Quenching Sensitivity Study of New High-Strength Aluminum Alloys Based on an Immersion End-Quenching and Step-Quenching Technique.

Based on end-quenching and step-quenching experiments combined with scanning electron microscopy (SEM) and transmission electron microscopy (TEM), the quench sensitivity of a novel high-strength aluminum alloy was investigated and compared with that of GB/T 7075 and 7175 alloys; quench factor analysis (QFA) was employed to predict the hardness values of the alloy and investigate the effect of quenching rate on its mechanical properties. The experimental results indicate that when the cooling rate decreases from 402.5 °C/s to 3.6 °C/s, the hardness reduction rate of the novel high-strength aluminum alloy is 15%. Furthermore, the nose temperature of the time-temperature-property (TTP) curve for this alloy is 325 °C, with a critical transformation time of 0.4 s. The quench-sensitive temperature range is 219 °C to 427 °C, which is lower than the quenching sensitivity of 7075 and 7175 alloys. The new alloy reduces its quenching sensitivity by optimizing the composition of alloying elements.

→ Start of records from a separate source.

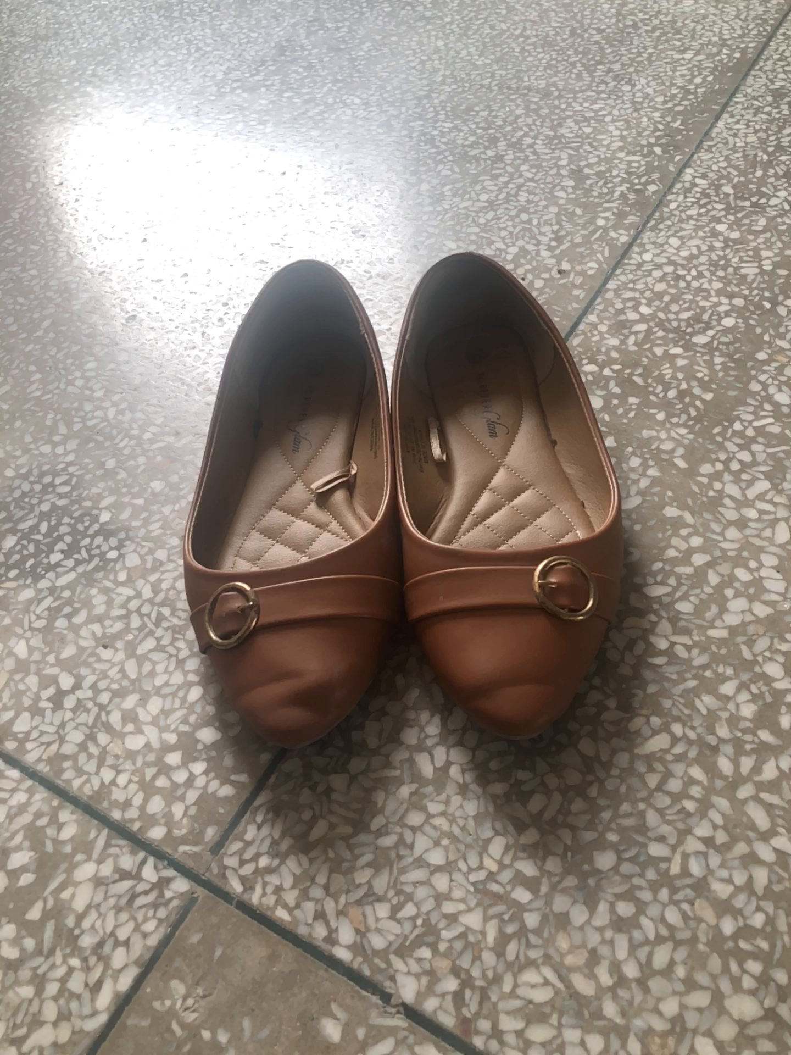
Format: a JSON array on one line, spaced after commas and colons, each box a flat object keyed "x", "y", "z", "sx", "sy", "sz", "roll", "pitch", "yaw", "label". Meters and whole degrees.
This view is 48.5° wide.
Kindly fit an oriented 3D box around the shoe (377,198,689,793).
[{"x": 0.049, "y": -0.024, "z": 0.375, "sx": 0.090, "sy": 0.050, "sz": 0.251, "roll": -9, "pitch": 61, "yaw": 9, "label": "shoe"}]

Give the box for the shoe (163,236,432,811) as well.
[{"x": -0.043, "y": -0.012, "z": 0.391, "sx": 0.090, "sy": 0.050, "sz": 0.251, "roll": -9, "pitch": 61, "yaw": 9, "label": "shoe"}]
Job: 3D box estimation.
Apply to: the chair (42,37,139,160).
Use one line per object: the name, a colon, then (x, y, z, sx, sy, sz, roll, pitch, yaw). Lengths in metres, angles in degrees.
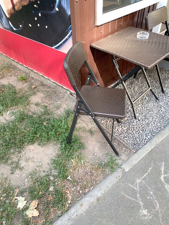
chair: (0.077, -0.091, 1.220, 0.470, 0.687, 0.472, 6, 44, 10)
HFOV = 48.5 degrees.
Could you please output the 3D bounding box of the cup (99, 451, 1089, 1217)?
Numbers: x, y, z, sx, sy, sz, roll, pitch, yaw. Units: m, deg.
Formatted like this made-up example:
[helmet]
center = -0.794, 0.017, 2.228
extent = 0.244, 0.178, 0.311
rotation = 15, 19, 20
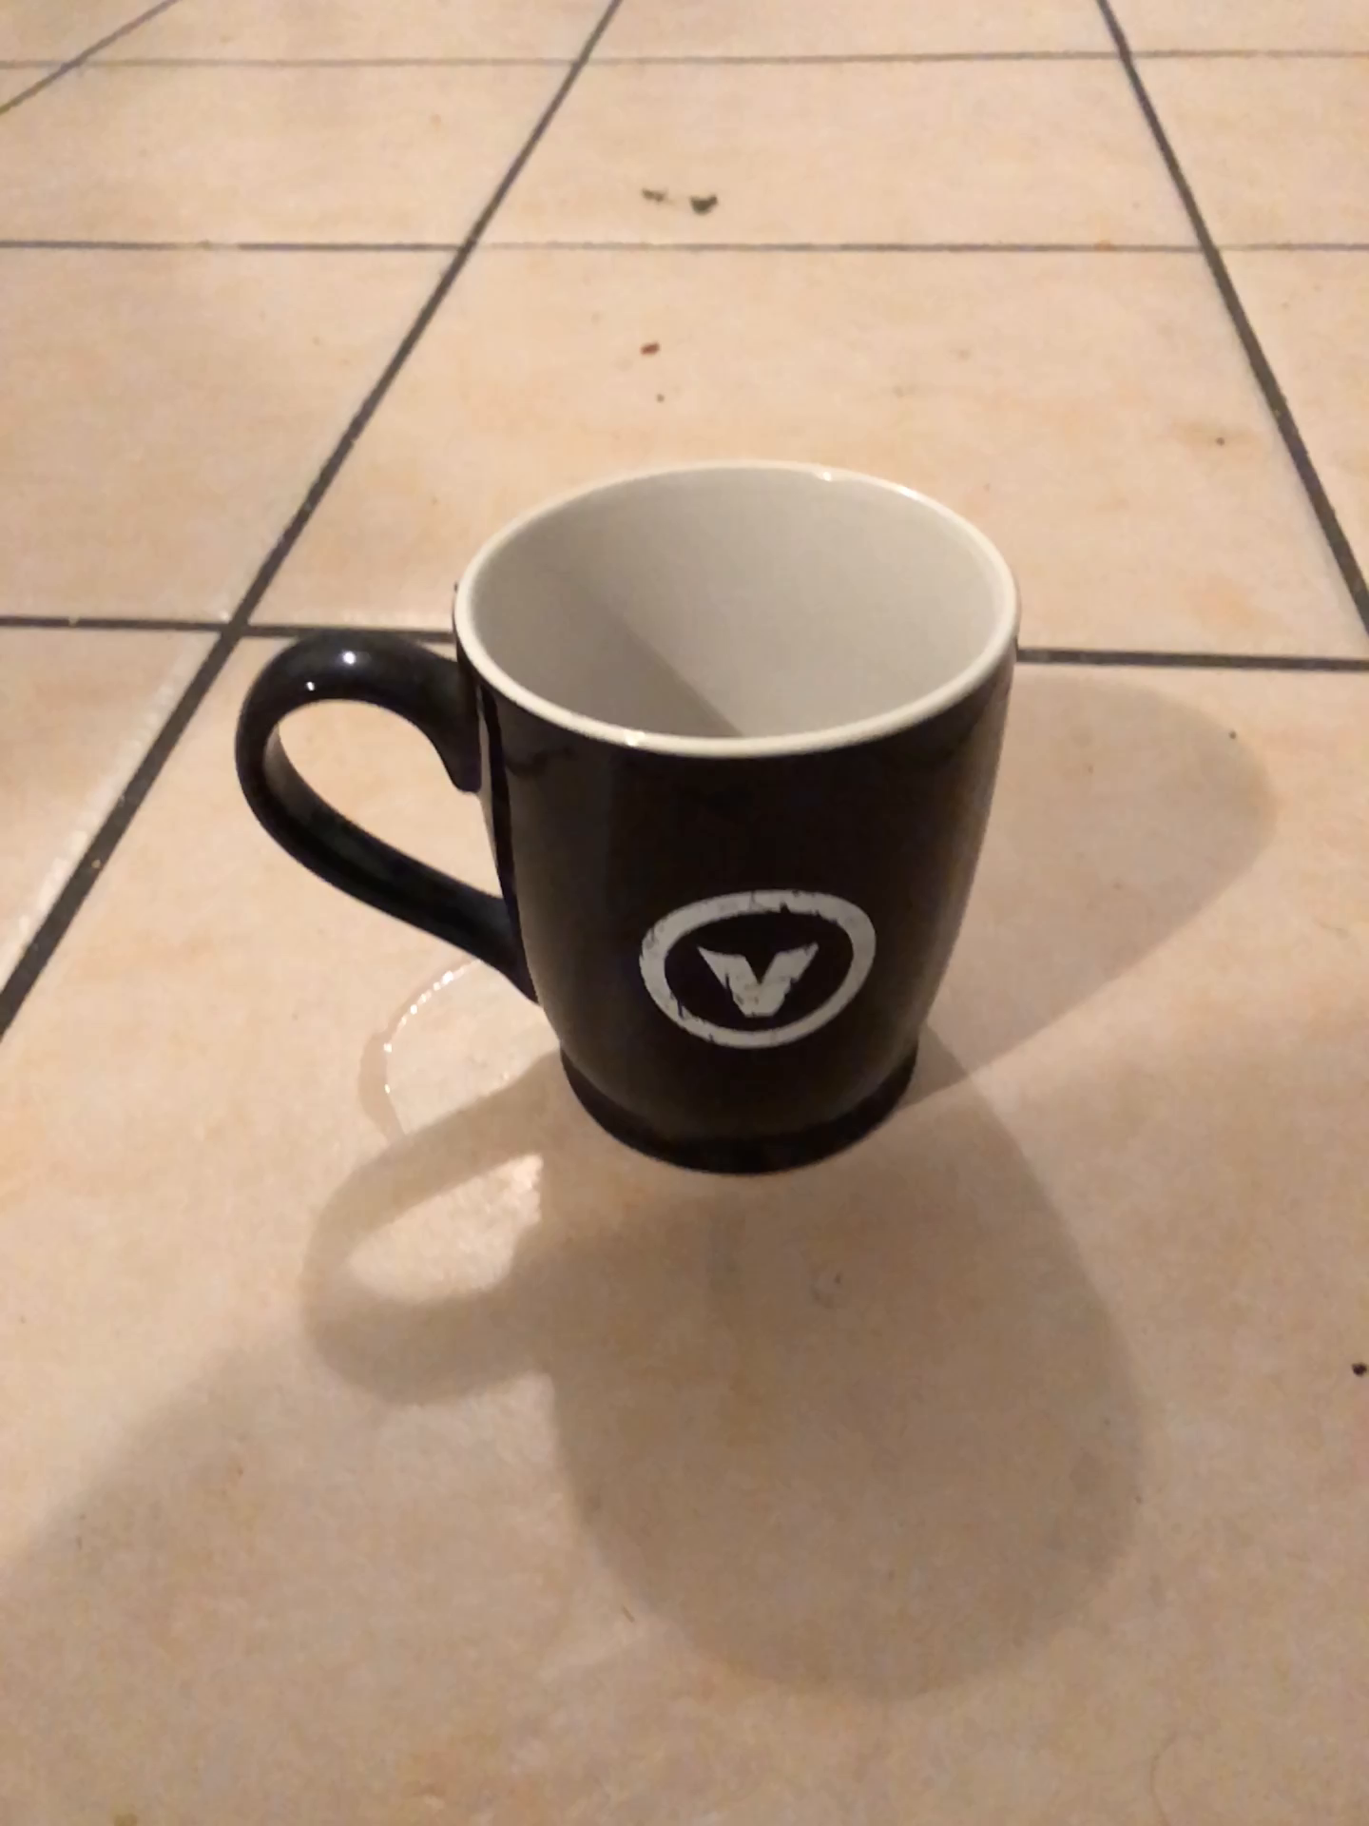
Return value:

Furthermore, the QFA demonstrates high predictive accuracy, with a maximum error of 5%. The smaller the quenching factor τ, the greater the hardness of the alloy after aging. Combined with the TTP curve, the alloy properties are optimized by modulating the quenching rate. This study provides a theoretical basis for selecting hot forming-quenching integrated process parameters in automotive high-strength aluminum alloys.